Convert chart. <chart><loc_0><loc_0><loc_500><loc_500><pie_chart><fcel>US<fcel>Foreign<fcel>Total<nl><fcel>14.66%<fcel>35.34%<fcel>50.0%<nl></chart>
+++++
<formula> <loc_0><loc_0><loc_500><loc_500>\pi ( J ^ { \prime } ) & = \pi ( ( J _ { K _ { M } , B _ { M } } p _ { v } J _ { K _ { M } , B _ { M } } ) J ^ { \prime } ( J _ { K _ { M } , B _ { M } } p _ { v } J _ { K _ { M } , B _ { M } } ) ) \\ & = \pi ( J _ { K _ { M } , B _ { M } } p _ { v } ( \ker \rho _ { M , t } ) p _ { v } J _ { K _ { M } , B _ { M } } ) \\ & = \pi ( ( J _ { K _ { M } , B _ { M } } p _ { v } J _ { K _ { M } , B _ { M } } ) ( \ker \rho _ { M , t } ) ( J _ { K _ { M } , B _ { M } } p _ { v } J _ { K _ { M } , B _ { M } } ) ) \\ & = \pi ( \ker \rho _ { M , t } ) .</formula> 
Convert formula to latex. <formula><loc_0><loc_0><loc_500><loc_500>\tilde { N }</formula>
+++++
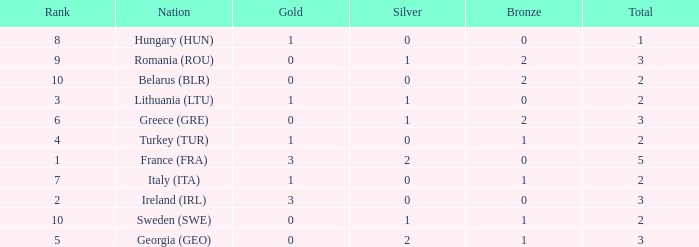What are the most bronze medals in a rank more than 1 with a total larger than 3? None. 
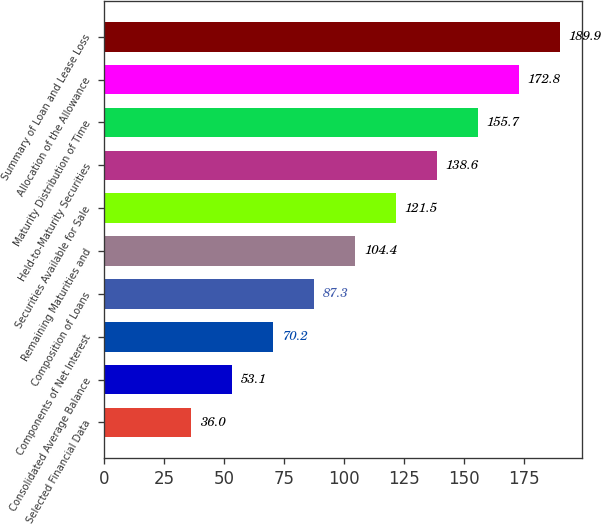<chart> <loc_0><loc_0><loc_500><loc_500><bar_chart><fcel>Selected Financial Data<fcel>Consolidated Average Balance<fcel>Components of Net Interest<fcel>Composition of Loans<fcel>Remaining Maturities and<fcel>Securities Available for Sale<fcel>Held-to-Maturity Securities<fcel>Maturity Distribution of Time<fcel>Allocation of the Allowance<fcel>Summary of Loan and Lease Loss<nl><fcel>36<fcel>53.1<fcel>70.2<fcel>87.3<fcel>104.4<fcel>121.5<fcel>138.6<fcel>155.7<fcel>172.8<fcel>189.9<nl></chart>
+++++
• Goal of the exercise:
Above are the entries. Copy exactly the part that opens with the line containing "<formula> <loc_0><loc_0><loc_500><loc_500>\pi ( J" and closes with the line containing "Convert formula to", and no more.

• Solution to the exercise:
<formula> <loc_0><loc_0><loc_500><loc_500>\pi ( J ^ { \prime } ) & = \pi ( ( J _ { K _ { M } , B _ { M } } p _ { v } J _ { K _ { M } , B _ { M } } ) J ^ { \prime } ( J _ { K _ { M } , B _ { M } } p _ { v } J _ { K _ { M } , B _ { M } } ) ) \\ & = \pi ( J _ { K _ { M } , B _ { M } } p _ { v } ( \ker \rho _ { M , t } ) p _ { v } J _ { K _ { M } , B _ { M } } ) \\ & = \pi ( ( J _ { K _ { M } , B _ { M } } p _ { v } J _ { K _ { M } , B _ { M } } ) ( \ker \rho _ { M , t } ) ( J _ { K _ { M } , B _ { M } } p _ { v } J _ { K _ { M } , B _ { M } } ) ) \\ & = \pi ( \ker \rho _ { M , t } ) .</formula> 
Convert formula to latex. <formula><loc_0><loc_0><loc_500><loc_500>\tilde { N }</formula>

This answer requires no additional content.